§ SUPPLIED MATERIAL
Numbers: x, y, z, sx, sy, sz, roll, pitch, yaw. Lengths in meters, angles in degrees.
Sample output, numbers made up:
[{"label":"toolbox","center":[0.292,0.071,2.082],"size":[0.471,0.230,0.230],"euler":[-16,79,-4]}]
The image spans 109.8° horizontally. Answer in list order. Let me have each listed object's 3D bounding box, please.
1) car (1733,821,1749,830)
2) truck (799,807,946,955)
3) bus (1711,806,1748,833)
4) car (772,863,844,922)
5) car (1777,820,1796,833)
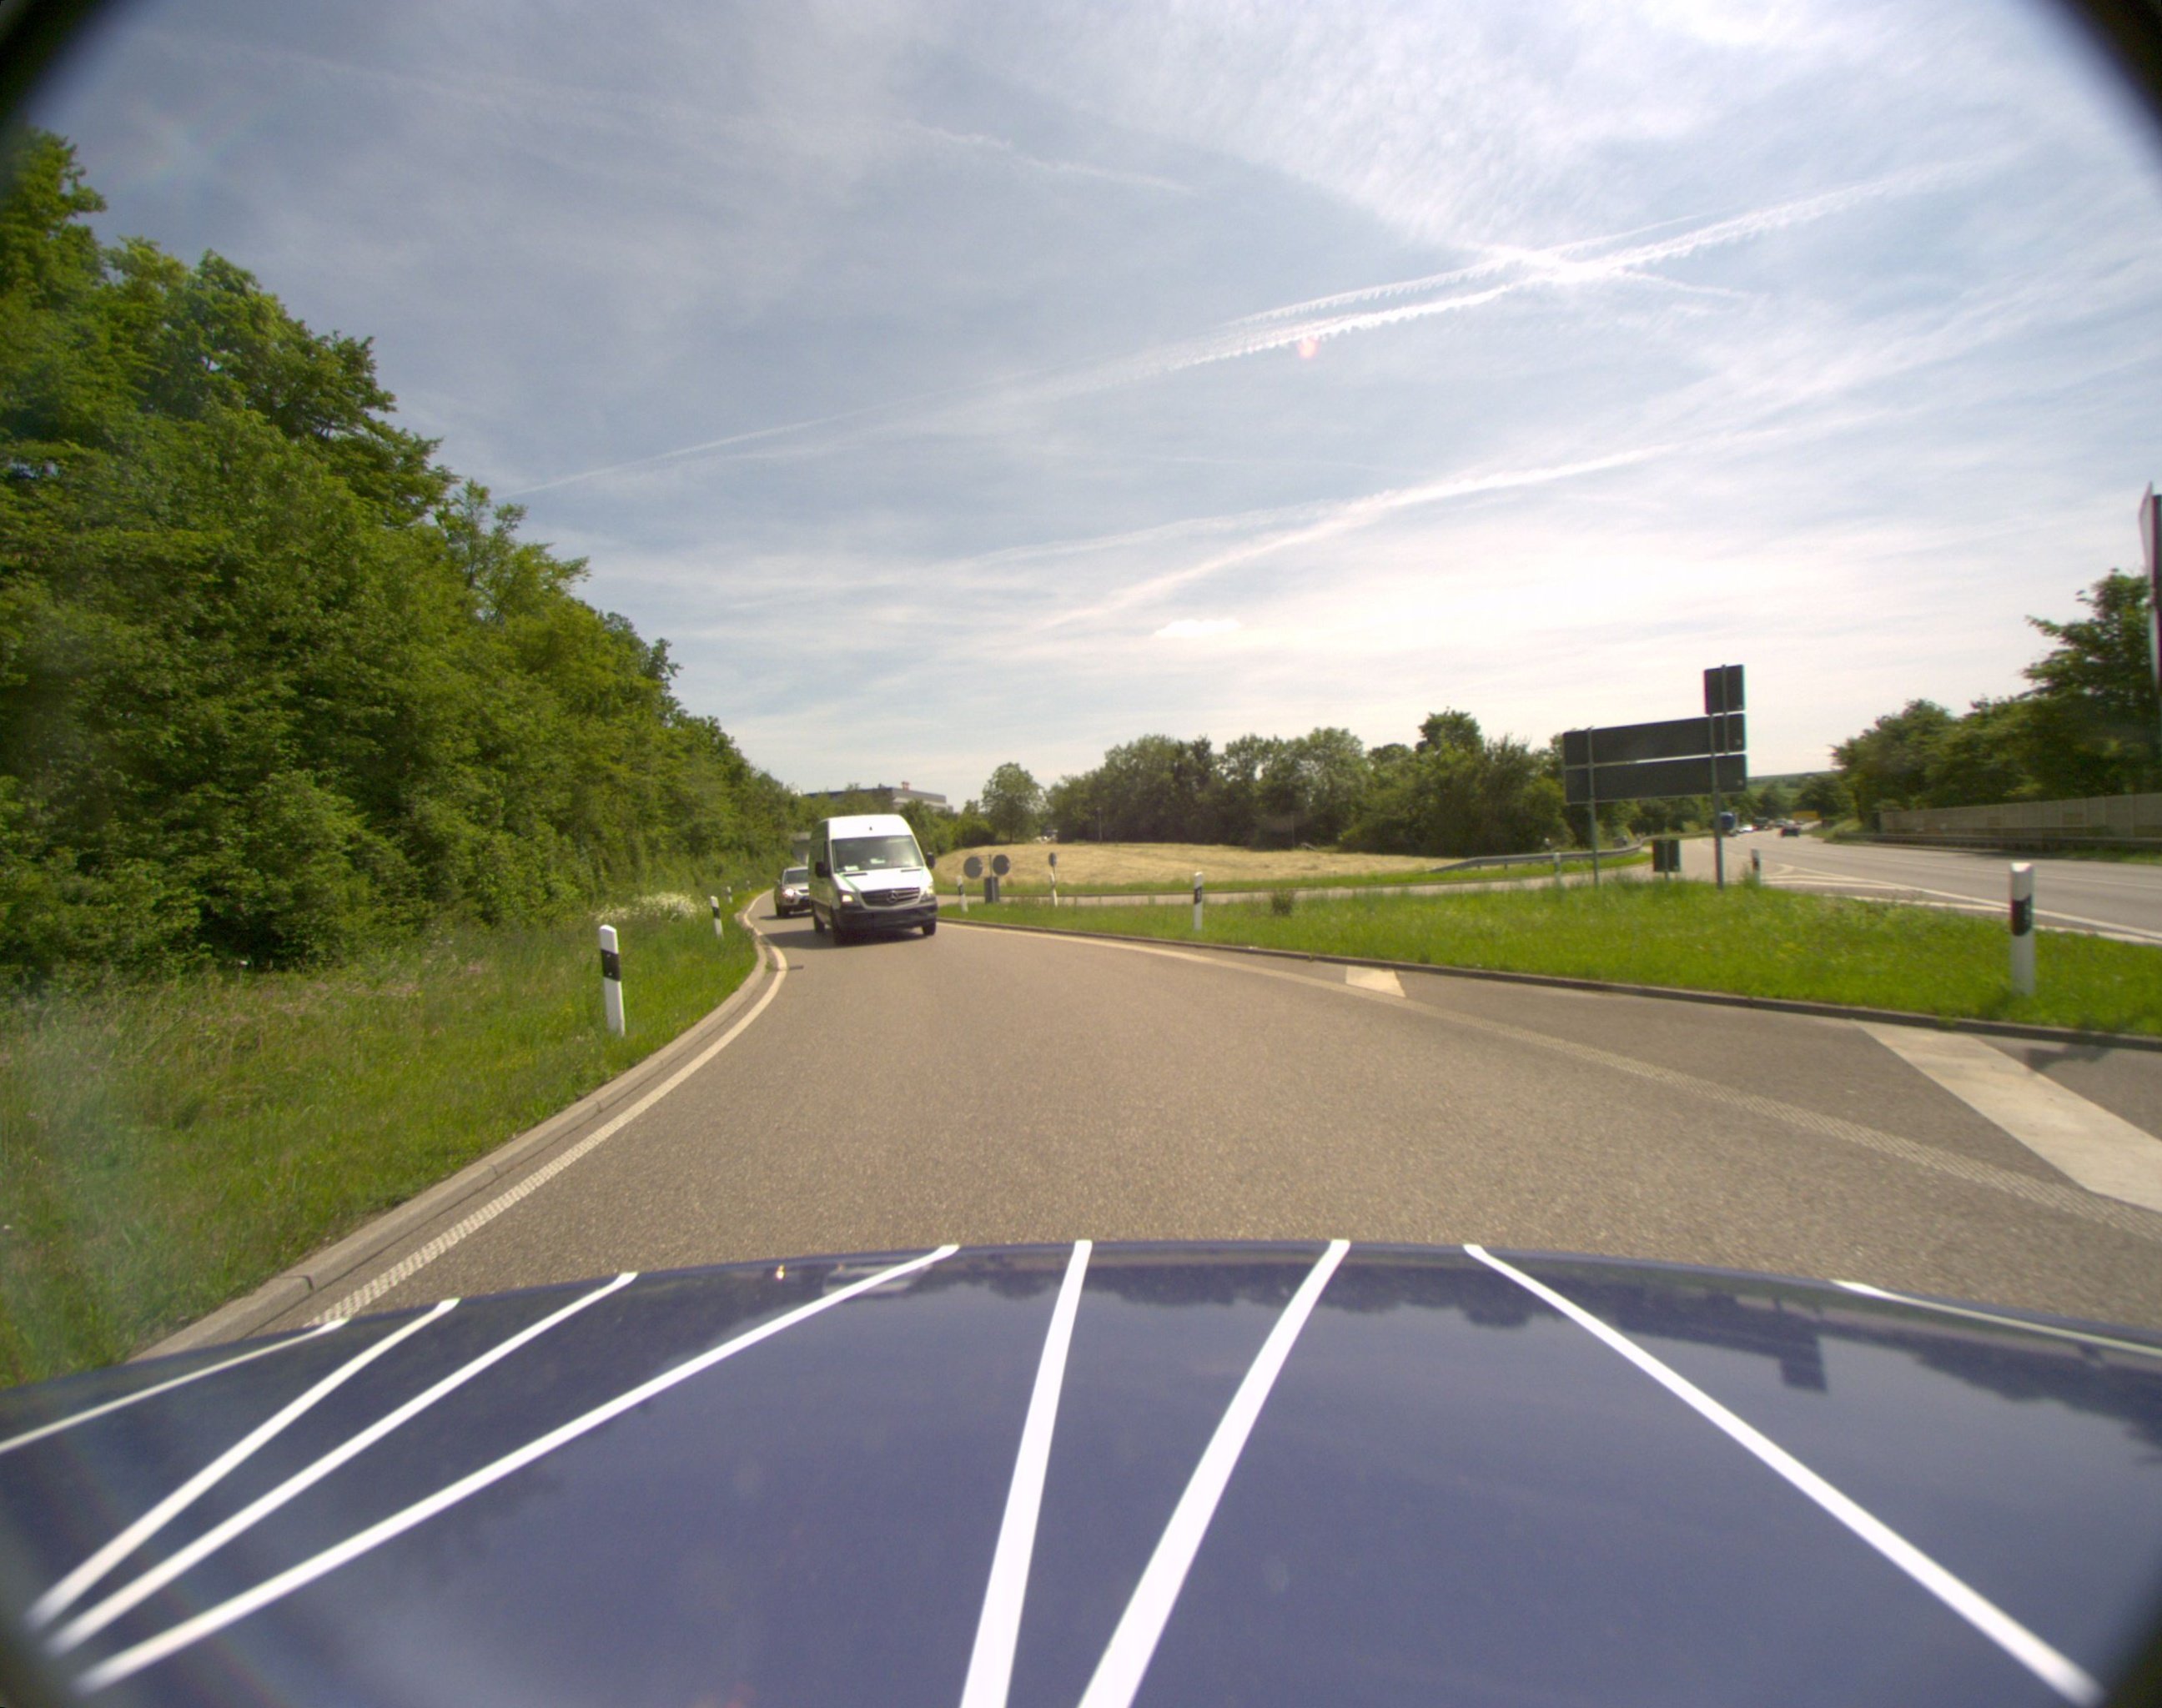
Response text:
[{"label":"car","center":[132.623,-5.735,152.639],"size":[4.008,1.632,1.994],"euler":[-3,1,-44]},{"label":"truck","center":[-4.792,0.533,16.715],"size":[2.002,2.571,5.876],"euler":[-5,1,-25]},{"label":"bus","center":[106.000,-5.670,124.083],"size":[10.532,4.046,3.344],"euler":[-3,2,-42]},{"label":"car","center":[-9.480,1.286,26.183],"size":[1.852,1.698,4.081],"euler":[-5,0,-25]},{"label":"car","center":[94.255,-3.653,101.489],"size":[1.751,1.530,4.114],"euler":[-3,0,43]}]

§ YOUR INSTRUCTIONS
What the answer must hold: all the data above, given again exactly, without pictures.

§ ANSWER BOX
Numbers: x, y, z, sx, sy, sz, roll, pitch, yaw. Lengths in meters, angles in degrees.
Sample output, numbers made up:
[{"label":"toolbox","center":[0.292,0.071,2.082],"size":[0.471,0.230,0.230],"euler":[-16,79,-4]}]
The image spans 109.8° horizontally. Answer in list order. Let me have each listed object's 3D bounding box, please.
1) car (1733,821,1749,830)
2) truck (799,807,946,955)
3) bus (1711,806,1748,833)
4) car (772,863,844,922)
5) car (1777,820,1796,833)
Response text:
[{"label":"car","center":[132.623,-5.735,152.639],"size":[4.008,1.632,1.994],"euler":[-3,1,-44]},{"label":"truck","center":[-4.792,0.533,16.715],"size":[2.002,2.571,5.876],"euler":[-5,1,-25]},{"label":"bus","center":[106.000,-5.670,124.083],"size":[10.532,4.046,3.344],"euler":[-3,2,-42]},{"label":"car","center":[-9.480,1.286,26.183],"size":[1.852,1.698,4.081],"euler":[-5,0,-25]},{"label":"car","center":[94.255,-3.653,101.489],"size":[1.751,1.530,4.114],"euler":[-3,0,43]}]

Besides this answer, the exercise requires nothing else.